Home Page: https://csurfer.github.io/pypette

License: MIT License

Python 100.00%
python threads multiprocessing multithreading

pypette's Introduction

pypiv pyv Build Status Coverage Status License


pypette (to be read as pipette) is a module which makes building pipelines ridiculously simple, allowing users to control the flow with minimal instructions.

Features

  • Ridiculously simple interface.
  • Ability to view pipeline structure within the comfort of a terminal.
  • Run pipeline in exception resilient way if needed.
  • Create dependencies on pipelines easily.
  • Generate a easy to view/understand report within the comfort of a terminal.

Setup

Using pip

pip install pypette

Directly from the repository

git clone https://github.com/csurfer/pypette.git
python pypette/setup.py install

Documentation

Detailed documentation can be found at https://csurfer.github.io/pypette

Structures

Job

The basic unit of execution, say a python method or a callable.

from pypette import Job

def print_hello():
    print("Hello!")

def print_hello_msg(msg):
    print("Hello " + msg + "!")

# Job without arguments
j1 = Job(print_hello)

# Job with arguments specified as argument list
j2 = Job(print_hello_msg, args=("pypette is simple",))

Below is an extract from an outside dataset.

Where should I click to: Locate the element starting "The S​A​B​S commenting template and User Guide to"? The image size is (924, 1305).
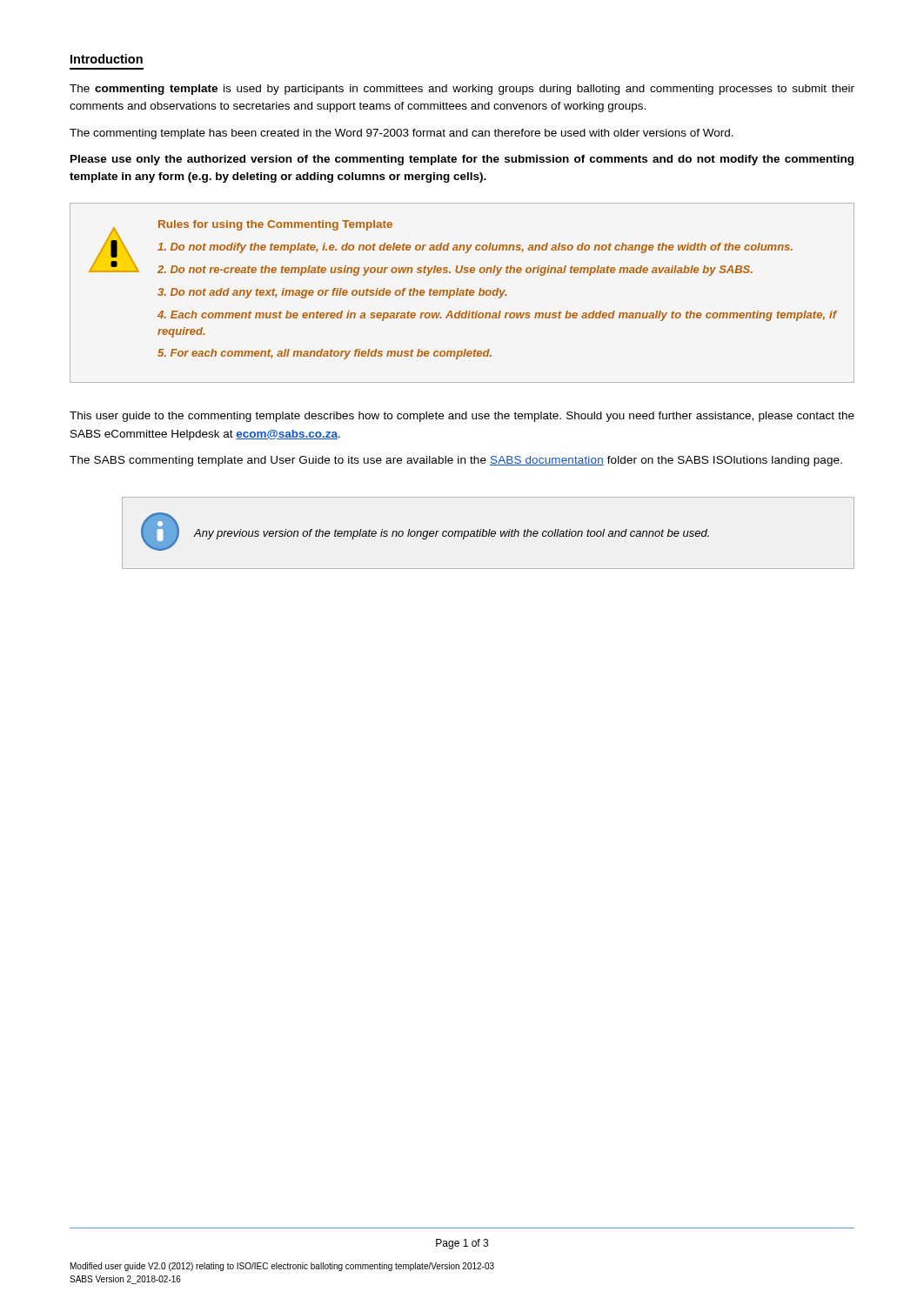(x=456, y=460)

# Job with arguments specified as key word arguments
j3 = Job(print_hello_msg, kwargs={"msg":"pypette is simple"})

BashJob

The basic unit of execution, which runs a bash command.

from pypette import BashJob

# Job with bash commands
b1 = BashJob(['ls', '-l'])
b2 = BashJob(['pwd'])

Pipe

Structure to specify the flow in which the jobs need to be executed. The whole interface consists of only 4 methods.

from pypette import Pipe

# 1. Create a new Pipe
p = Pipe('TestPipe')

# 2. Add jobs to execute. (Assuming job_list is a list of python/bash jobs)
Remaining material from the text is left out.